A selection of contemporary artists shown by the gallery will also be on view. Gabriele Evertz’s (b. 1945) work is concerned with sensations and perceptions, executed with meticulous precision and organized around the history and theory of color. Heather Hutchison’s (b. 1964) works capture the essence of the phenomena of light and how it shifts in natural environments. Ruth Pastine’s (b. 1964) light-filled paintings juxtapose austerity with the limitless possibilities of color systems. Mark Leonard’s (b. 1954) work lies in the interdependence of equal and opposite forces, balancing order and chaos, logic and feeling, love and loss. Ed Ruscha (b. 1937), a leader of the Pop Art Movement, playfully incorporates text and advertising aesthetics into his art.

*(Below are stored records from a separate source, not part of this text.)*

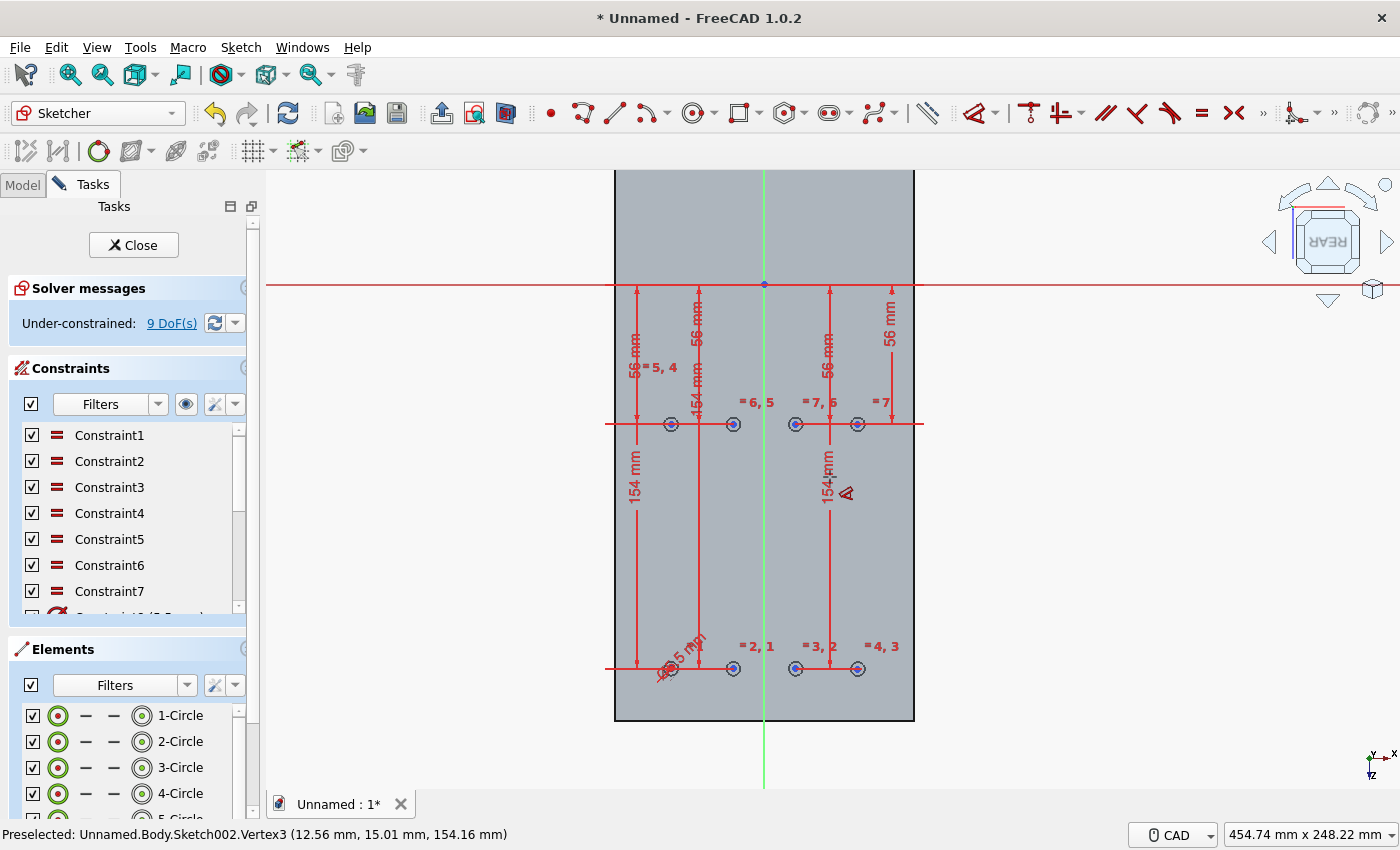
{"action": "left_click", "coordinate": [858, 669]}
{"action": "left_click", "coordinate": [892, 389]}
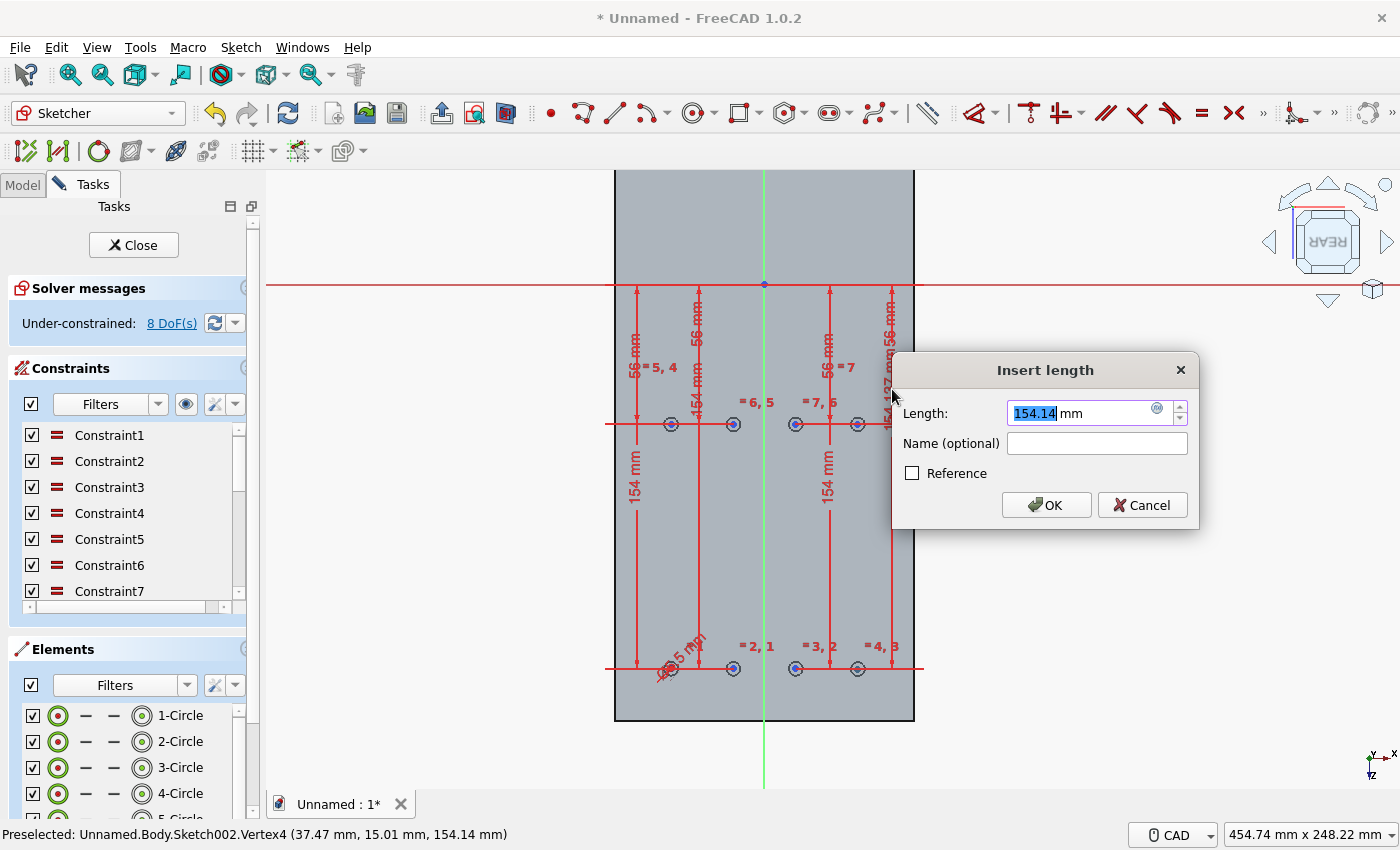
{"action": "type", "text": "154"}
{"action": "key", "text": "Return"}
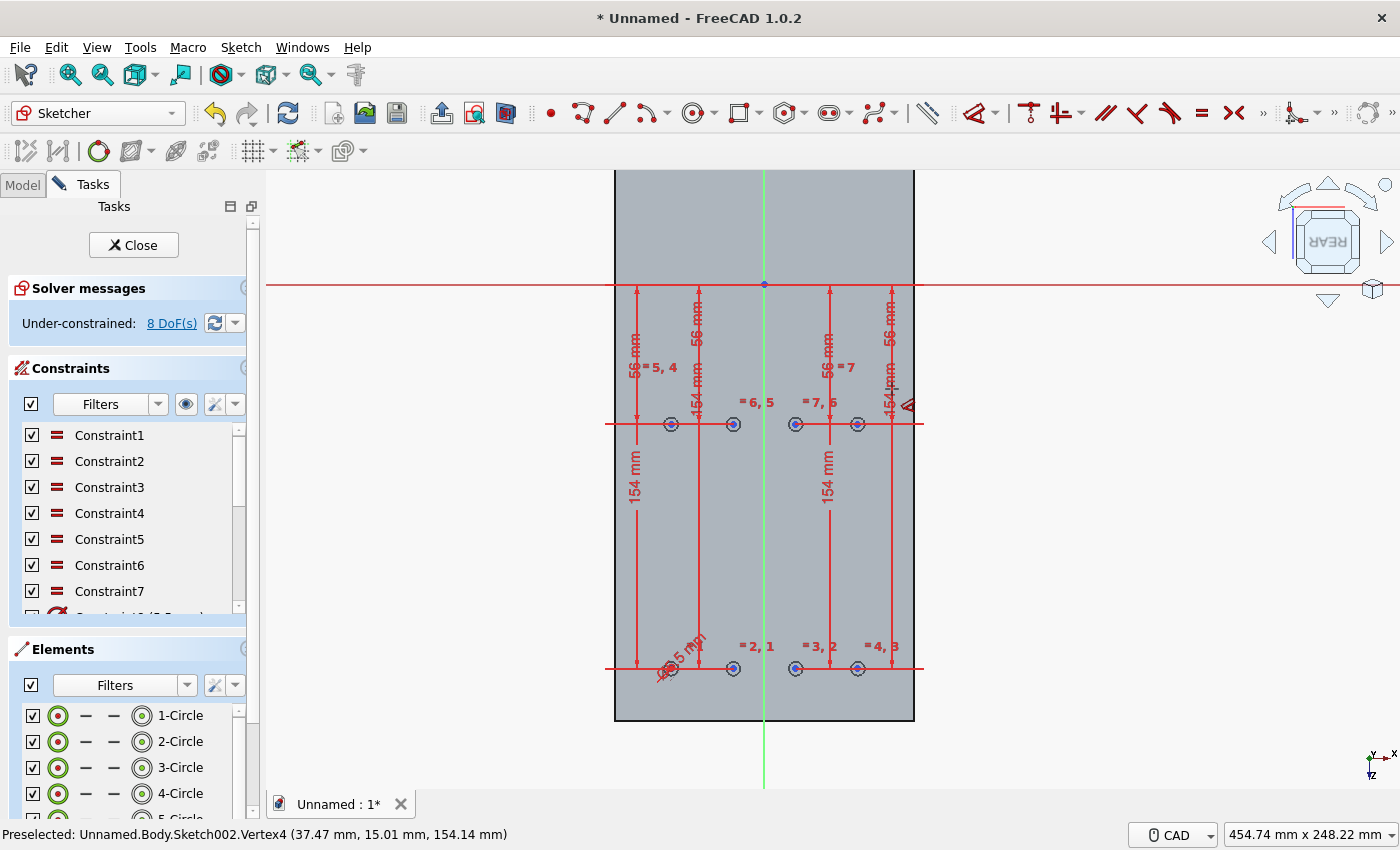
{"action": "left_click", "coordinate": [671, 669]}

Dallas/Fort Worth locals may be familiar with select gallery artists from their inclusion in local museum collections. Numerous works by Ynez Johnston are held by the Amon Carter Museum of American Art as part of the Tamarind Lithography Workshop Collection. The Dallas Museum of Art has collected works by Ynez Johnston, Doug Ohlson, and Alfredo Ramos Martínez. Paintings by Doug Ohlson, Lorser Feitelson, Karl Benjamin, and Mark Leonard have also been donated to the annual TWO x TWO for AIDS and Art contemporary art auction held at The Rachofsky House in Dallas in recent years.